*WHAT TO DO*.
For the records below, print the lines from the line with "#10 dollhouse furniture set [66,59,272,178]" through the line with "#11 LEGO box [0,4,100,206]" exactly as written; include both end lines and exclude the rest.

[Opening DATA SUPPLIED section]

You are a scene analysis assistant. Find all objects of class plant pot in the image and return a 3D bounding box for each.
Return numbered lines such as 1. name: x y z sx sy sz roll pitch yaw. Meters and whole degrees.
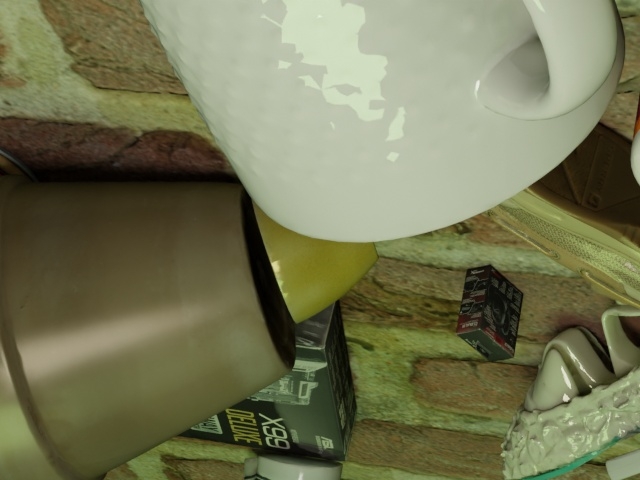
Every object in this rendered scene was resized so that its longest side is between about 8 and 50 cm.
1. plant pot: 0.000 0.000 1.463 0.095 0.134 0.134 -19 145 2
2. plant pot: -0.183 0.067 1.495 0.280 0.323 0.323 -15 144 7

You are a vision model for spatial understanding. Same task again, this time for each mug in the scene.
1. mug: 0.032 -0.190 0.898 0.374 0.276 0.328 38 162 51

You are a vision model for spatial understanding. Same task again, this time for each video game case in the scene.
1. video game case: 0.421 0.174 1.510 0.227 0.026 0.206 -9 164 -44

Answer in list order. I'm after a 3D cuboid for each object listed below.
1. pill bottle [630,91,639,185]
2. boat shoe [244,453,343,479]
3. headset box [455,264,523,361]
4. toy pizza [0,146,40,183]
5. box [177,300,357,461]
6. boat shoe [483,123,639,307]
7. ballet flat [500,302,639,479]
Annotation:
1. pill bottle: 0.274 -0.130 1.002 0.121 0.221 0.121 11 151 6
2. boat shoe: -0.046 0.326 1.963 0.108 0.102 0.301 8 169 -14
3. headset box: 0.169 0.077 1.542 0.032 0.083 0.062 -14 140 40
4. toy pizza: -0.384 -0.056 1.611 0.201 0.032 0.201 11 150 6
5. box: -0.091 0.146 1.782 0.242 0.077 0.307 8 150 10
6. boat shoe: 0.283 -0.001 1.338 0.341 0.122 0.110 32 152 -9
7. ballet flat: 0.309 0.129 1.553 0.147 0.147 0.409 29 144 -23
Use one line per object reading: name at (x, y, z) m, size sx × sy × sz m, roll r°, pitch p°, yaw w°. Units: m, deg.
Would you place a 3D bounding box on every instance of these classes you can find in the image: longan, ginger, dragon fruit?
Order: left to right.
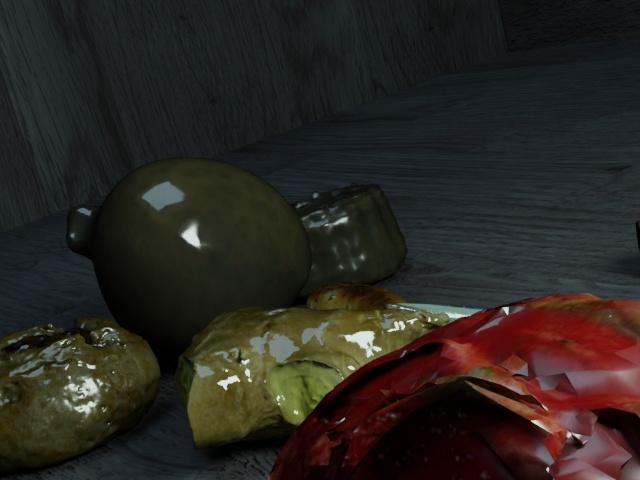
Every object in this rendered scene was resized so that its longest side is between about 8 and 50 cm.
longan at (-0.160, 0.020, 1.495) m, size 0.300 × 0.243 × 0.300 m, roll 8°, pitch -14°, yaw 2°
ginger at (-0.008, 0.125, 1.213) m, size 0.270 × 0.123 × 0.219 m, roll -5°, pitch 11°, yaw -5°
dragon fruit at (0.114, 0.159, 0.554) m, size 0.295 × 0.296 × 0.301 m, roll -6°, pitch 13°, yaw 35°

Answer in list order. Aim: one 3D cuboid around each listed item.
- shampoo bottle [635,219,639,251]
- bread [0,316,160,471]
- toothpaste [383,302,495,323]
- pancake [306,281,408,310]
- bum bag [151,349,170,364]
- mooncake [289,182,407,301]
shampoo bottle at (0.472, -0.020, 1.377) m, size 0.236 × 0.067 × 0.068 m, roll -13°, pitch 32°, yaw 4°
bread at (-0.296, 0.161, 1.375) m, size 0.230 × 0.123 × 0.230 m, roll -17°, pitch 13°, yaw 4°
toothpaste at (0.159, 0.084, 1.260) m, size 0.197 × 0.035 × 0.057 m, roll 4°, pitch -28°, yaw -3°
pancake at (-0.009, 0.114, 1.380) m, size 0.244 × 0.057 × 0.266 m, roll -17°, pitch 14°, yaw -4°
bum bag at (-0.233, 0.147, 1.571) m, size 0.109 × 0.026 × 0.159 m, roll -6°, pitch 16°, yaw 33°
mooncake at (0.000, 0.000, 1.706) m, size 0.228 × 0.124 × 0.228 m, roll -16°, pitch 13°, yaw 4°
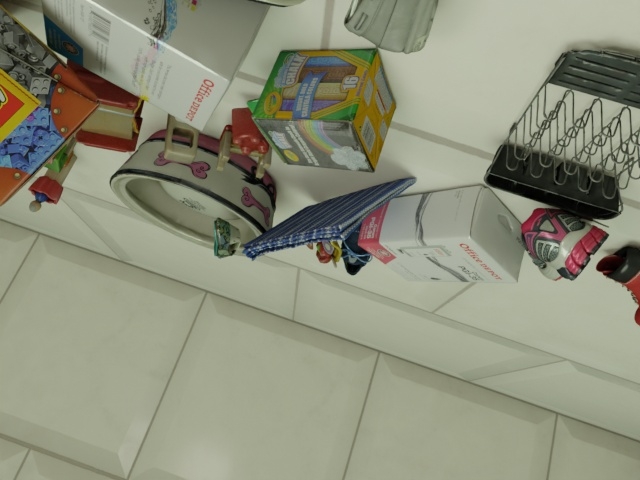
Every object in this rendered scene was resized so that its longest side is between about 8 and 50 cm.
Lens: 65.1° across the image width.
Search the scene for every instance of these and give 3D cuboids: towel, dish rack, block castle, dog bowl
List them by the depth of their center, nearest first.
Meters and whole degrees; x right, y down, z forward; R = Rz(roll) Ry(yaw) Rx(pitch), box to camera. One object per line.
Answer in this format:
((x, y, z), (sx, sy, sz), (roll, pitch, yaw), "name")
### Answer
((0.367, -0.137, 0.684), (0.208, 0.074, 0.271), (17, 160, 5), "dish rack")
((0.008, -0.041, 1.041), (0.335, 0.243, 0.040), (-11, 109, 50), "towel")
((-0.289, -0.114, 1.237), (0.407, 0.151, 0.408), (17, 160, 6), "dog bowl")
((-0.800, -0.249, 1.265), (0.302, 0.213, 0.453), (27, 159, -19), "block castle")

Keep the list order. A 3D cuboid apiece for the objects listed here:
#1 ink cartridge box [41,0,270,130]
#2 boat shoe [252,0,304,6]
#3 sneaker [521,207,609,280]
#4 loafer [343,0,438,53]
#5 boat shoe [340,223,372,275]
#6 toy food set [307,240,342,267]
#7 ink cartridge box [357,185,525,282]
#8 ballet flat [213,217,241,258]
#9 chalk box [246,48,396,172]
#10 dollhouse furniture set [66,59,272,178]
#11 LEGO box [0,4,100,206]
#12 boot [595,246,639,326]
((-0.211, -0.295, 0.665), (0.232, 0.168, 0.171), (28, 160, -20), "ink cartridge box")
((-0.123, -0.331, 0.585), (0.232, 0.084, 0.079), (12, -155, -15), "boat shoe")
((0.413, -0.006, 0.885), (0.112, 0.121, 0.299), (37, -174, 17), "sneaker")
((0.074, -0.301, 0.475), (0.111, 0.112, 0.319), (9, 160, 3), "loafer")
((0.104, 0.028, 1.324), (0.108, 0.089, 0.258), (14, 159, 15), "boat shoe")
((0.000, 0.000, 1.272), (0.071, 0.128, 0.218), (-15, 160, -9), "toy food set")
((0.255, -0.003, 1.064), (0.207, 0.117, 0.282), (35, 155, -35), "ink cartridge box")
((-0.214, -0.007, 1.156), (0.070, 0.070, 0.188), (22, 162, -5), "ballet flat")
((-0.010, -0.202, 0.782), (0.212, 0.132, 0.132), (11, 159, 26), "chalk box")
((-0.252, -0.249, 0.919), (0.373, 0.152, 0.201), (8, 164, -21), "dollhouse furniture set")
((-0.566, -0.313, 0.637), (0.500, 0.193, 0.372), (37, 172, 37), "LEGO box")
((0.640, 0.095, 1.019), (0.176, 0.089, 0.244), (14, 151, 17), "boot")
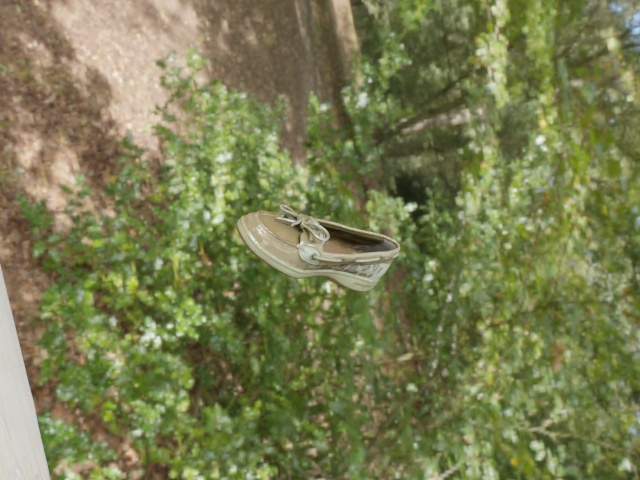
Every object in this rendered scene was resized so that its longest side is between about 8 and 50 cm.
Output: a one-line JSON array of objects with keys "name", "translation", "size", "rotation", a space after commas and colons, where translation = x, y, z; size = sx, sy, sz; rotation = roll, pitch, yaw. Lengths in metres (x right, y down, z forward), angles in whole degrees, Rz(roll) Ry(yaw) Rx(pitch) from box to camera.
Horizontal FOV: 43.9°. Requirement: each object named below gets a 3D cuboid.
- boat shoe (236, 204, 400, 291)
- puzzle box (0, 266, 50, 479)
[{"name": "boat shoe", "translation": [0.000, 0.000, 1.181], "size": [0.285, 0.089, 0.105], "rotation": [16, 36, -45]}, {"name": "puzzle box", "translation": [-0.364, 0.042, 0.610], "size": [0.052, 0.272, 0.409], "rotation": [21, 43, -62]}]
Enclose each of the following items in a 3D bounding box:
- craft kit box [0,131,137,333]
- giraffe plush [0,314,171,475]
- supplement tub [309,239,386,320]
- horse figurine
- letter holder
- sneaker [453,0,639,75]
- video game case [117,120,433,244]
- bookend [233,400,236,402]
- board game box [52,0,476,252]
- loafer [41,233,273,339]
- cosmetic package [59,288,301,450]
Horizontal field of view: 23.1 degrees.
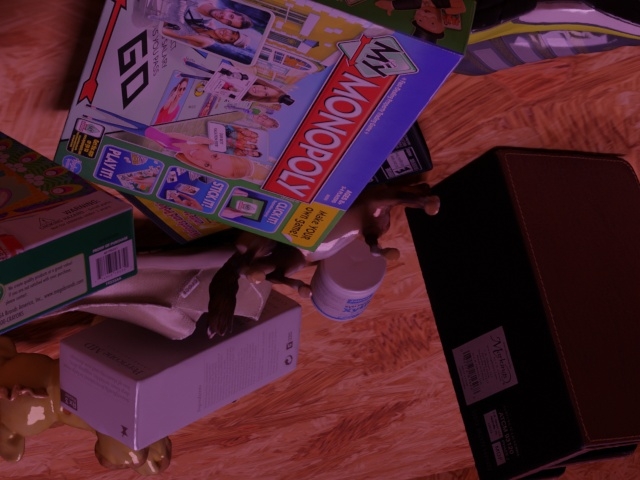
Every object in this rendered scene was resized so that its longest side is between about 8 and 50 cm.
[{"bbox_3d":[-0.284,-0.003,0.952,0.250,0.061,0.246,-25,-144,-38],"label":"craft kit box"},{"bbox_3d":[-0.272,0.168,1.691,0.170,0.181,0.210,-11,147,15],"label":"giraffe plush"},{"bbox_3d":[0.029,0.040,1.681,0.071,0.071,0.107,-11,163,-12],"label":"supplement tub"},{"bbox_3d":[0.000,0.000,1.451,0.263,0.066,0.174,-23,-163,-7],"label":"horse figurine"},{"bbox_3d":[0.245,0.076,1.575,0.214,0.302,0.152,-1,158,-38],"label":"letter holder"},{"bbox_3d":[0.154,-0.171,1.091,0.300,0.111,0.121,-1,166,-16],"label":"sneaker"},{"bbox_3d":[-0.043,-0.076,1.320,0.248,0.035,0.275,-17,164,7],"label":"video game case"},{"bbox_3d":[-0.165,0.153,1.878,0.156,0.072,0.157,-8,162,-18],"label":"bookend"},{"bbox_3d":[-0.053,-0.100,1.056,0.213,0.046,0.317,18,153,-9],"label":"board game box"},{"bbox_3d":[-0.158,0.051,1.486,0.268,0.092,0.102,-7,-175,-24],"label":"loafer"},{"bbox_3d":[-0.138,0.114,1.570,0.117,0.085,0.231,23,-150,35],"label":"cosmetic package"}]
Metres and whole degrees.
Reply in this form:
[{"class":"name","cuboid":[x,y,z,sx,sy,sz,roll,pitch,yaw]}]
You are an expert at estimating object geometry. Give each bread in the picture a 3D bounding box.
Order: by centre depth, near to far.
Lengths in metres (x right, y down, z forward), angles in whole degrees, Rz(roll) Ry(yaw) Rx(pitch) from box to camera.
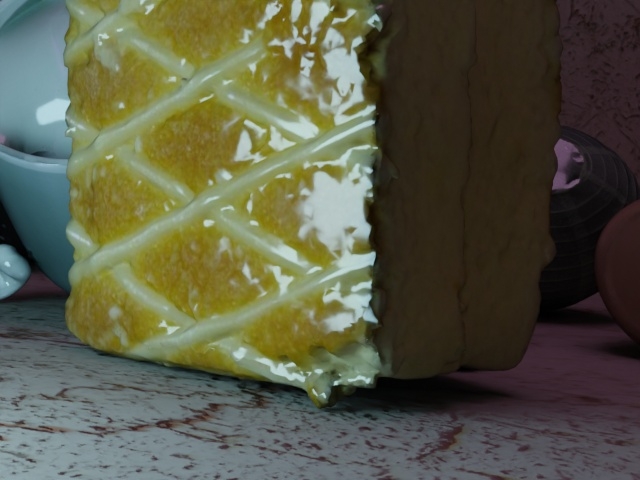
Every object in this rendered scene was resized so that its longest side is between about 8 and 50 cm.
[{"class":"bread","cuboid":[-0.009,-0.072,1.409,0.279,0.371,0.390,-5,6,-42]}]

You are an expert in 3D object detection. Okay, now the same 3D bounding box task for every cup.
[{"class":"cup","cuboid":[-0.241,-0.060,1.713,0.356,0.274,0.259,-37,56,-17]}]

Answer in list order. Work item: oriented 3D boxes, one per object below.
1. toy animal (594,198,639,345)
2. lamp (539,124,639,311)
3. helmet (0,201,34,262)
[{"class":"toy animal","cuboid":[0.395,0.024,1.735,0.213,0.195,0.256,17,8,34]},{"class":"lamp","cuboid":[0.241,-0.023,2.019,0.265,0.233,0.233,-15,9,-13]},{"class":"helmet","cuboid":[-0.325,-0.047,2.144,0.278,0.160,0.230,19,3,-6]}]
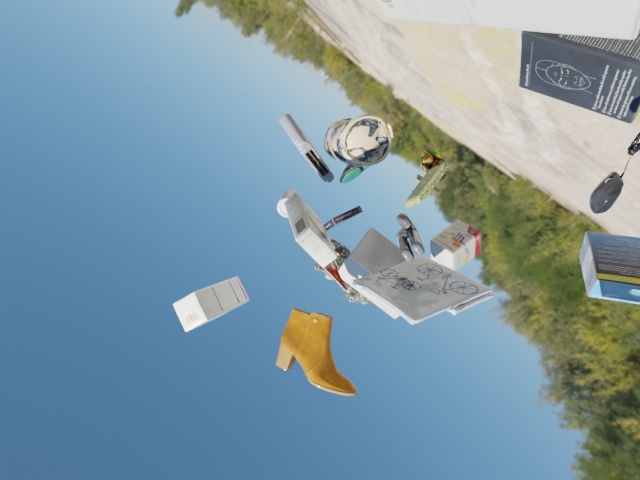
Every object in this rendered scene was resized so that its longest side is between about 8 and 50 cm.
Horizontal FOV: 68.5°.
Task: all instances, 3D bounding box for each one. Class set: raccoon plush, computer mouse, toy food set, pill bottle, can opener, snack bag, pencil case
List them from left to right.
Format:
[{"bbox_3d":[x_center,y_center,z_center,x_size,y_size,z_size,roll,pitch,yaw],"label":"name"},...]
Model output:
[{"bbox_3d":[-0.133,-0.164,2.012,0.087,0.087,0.160,34,-159,-11],"label":"pill bottle"},{"bbox_3d":[0.125,-0.348,1.620,0.160,0.183,0.410,59,180,-15],"label":"pencil case"},{"bbox_3d":[0.191,0.119,2.073,0.299,0.446,0.216,41,-124,-34],"label":"raccoon plush"},{"bbox_3d":[0.281,-0.020,1.556,0.095,0.076,0.283,56,-167,-10],"label":"can opener"},{"bbox_3d":[0.323,0.157,1.522,0.342,0.037,0.323,-16,-152,-29],"label":"snack bag"},{"bbox_3d":[0.434,-0.285,1.790,0.132,0.038,0.192,27,-122,-15],"label":"toy food set"},{"bbox_3d":[0.728,-0.174,1.147,0.041,0.242,0.071,20,-154,4],"label":"computer mouse"}]

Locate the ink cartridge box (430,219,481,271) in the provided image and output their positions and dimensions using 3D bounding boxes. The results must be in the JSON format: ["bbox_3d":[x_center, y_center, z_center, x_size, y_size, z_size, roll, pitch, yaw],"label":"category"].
[{"bbox_3d":[0.570,0.026,1.989,0.128,0.176,0.127,38,154,41],"label":"ink cartridge box"}]

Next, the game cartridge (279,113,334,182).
[{"bbox_3d":[-0.053,-0.361,1.836,0.196,0.060,0.294,55,-174,30],"label":"game cartridge"}]

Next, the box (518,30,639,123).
[{"bbox_3d":[0.869,-0.594,1.497,0.395,0.212,0.293,31,176,26],"label":"box"}]

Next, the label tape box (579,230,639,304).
[{"bbox_3d":[0.967,0.120,1.458,0.249,0.115,0.347,8,-142,16],"label":"label tape box"}]

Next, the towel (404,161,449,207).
[{"bbox_3d":[0.303,-0.157,1.338,0.027,0.148,0.110,40,168,-6],"label":"towel"}]

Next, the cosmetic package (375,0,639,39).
[{"bbox_3d":[0.321,-0.501,0.791,0.453,0.230,0.161,21,-174,28],"label":"cosmetic package"}]

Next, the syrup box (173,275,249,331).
[{"bbox_3d":[-0.329,0.190,1.447,0.096,0.093,0.237,63,-157,5],"label":"syrup box"}]

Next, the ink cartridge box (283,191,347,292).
[{"bbox_3d":[0.000,0.000,1.401,0.239,0.060,0.275,46,-170,-26],"label":"ink cartridge box"}]

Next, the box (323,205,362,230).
[{"bbox_3d":[0.075,-0.077,1.709,0.029,0.116,0.162,64,162,0],"label":"box"}]

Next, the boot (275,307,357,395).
[{"bbox_3d":[0.009,0.347,1.500,0.295,0.211,0.104,20,179,16],"label":"boot"}]

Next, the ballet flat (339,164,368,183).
[{"bbox_3d":[0.141,-0.284,1.769,0.070,0.188,0.070,57,175,8],"label":"ballet flat"}]

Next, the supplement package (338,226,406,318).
[{"bbox_3d":[0.241,0.125,1.801,0.293,0.177,0.175,37,-121,4],"label":"supplement package"}]
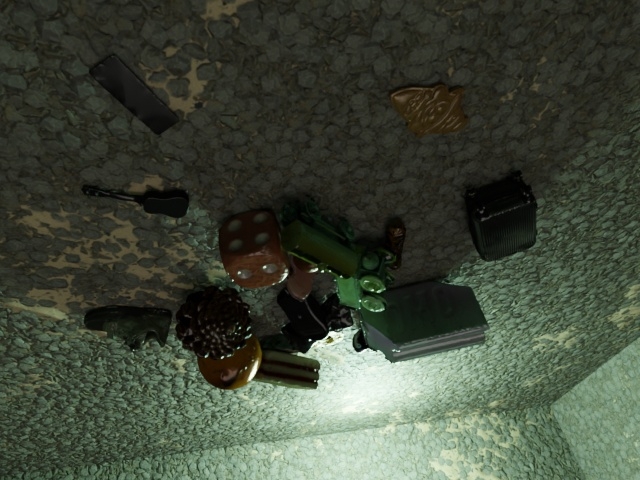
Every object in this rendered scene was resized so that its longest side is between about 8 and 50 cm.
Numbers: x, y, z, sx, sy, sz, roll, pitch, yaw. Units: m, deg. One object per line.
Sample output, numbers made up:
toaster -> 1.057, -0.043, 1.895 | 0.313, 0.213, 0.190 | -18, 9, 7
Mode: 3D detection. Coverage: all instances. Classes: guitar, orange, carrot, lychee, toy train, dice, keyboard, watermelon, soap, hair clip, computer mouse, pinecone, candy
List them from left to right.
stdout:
guitar -> -0.493, -0.109, 1.199 | 0.271, 0.038, 0.084 | 6, 135, -21
keyboard -> -0.409, -0.319, 0.997 | 0.074, 0.015, 0.196 | -30, 137, 14
pinecone -> -0.380, 0.286, 1.535 | 0.264, 0.264, 0.264 | -7, 140, -6
orange -> -0.348, 0.446, 1.723 | 0.246, 0.246, 0.246 | -7, 140, -6
dice -> -0.196, 0.029, 1.332 | 0.179, 0.174, 0.175 | -13, 141, -1
candy -> -0.174, 0.562, 1.950 | 0.321, 0.135, 0.179 | 25, 152, -34
watermelon -> -0.153, 0.448, 1.919 | 0.187, 0.071, 0.139 | 9, 155, -7
hair clip -> -0.062, 0.121, 1.504 | 0.123, 0.138, 0.102 | 26, 122, -27
computer mouse -> -0.059, 0.262, 1.684 | 0.147, 0.088, 0.264 | -14, 121, 31
lychee -> -0.045, 0.050, 1.451 | 0.101, 0.114, 0.140 | -44, 146, 22
toy train -> 0.006, -0.003, 1.332 | 0.126, 0.189, 0.307 | -38, 135, 24
toy train -> 0.151, 0.129, 1.530 | 0.188, 0.159, 0.271 | 11, 144, 19
carrot -> 0.253, 0.020, 1.521 | 0.069, 0.069, 0.228 | -10, 141, -3
soap -> 0.381, 0.308, 1.734 | 0.446, 0.261, 0.156 | -14, 140, 3

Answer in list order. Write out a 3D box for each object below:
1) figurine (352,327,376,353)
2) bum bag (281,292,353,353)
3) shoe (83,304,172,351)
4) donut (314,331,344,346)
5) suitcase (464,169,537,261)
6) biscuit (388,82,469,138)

[Closing DATA SUPPLIED section]

*TASK RESULT*.
#10 dollhouse furniture set [66,59,272,178]
#11 LEGO box [0,4,100,206]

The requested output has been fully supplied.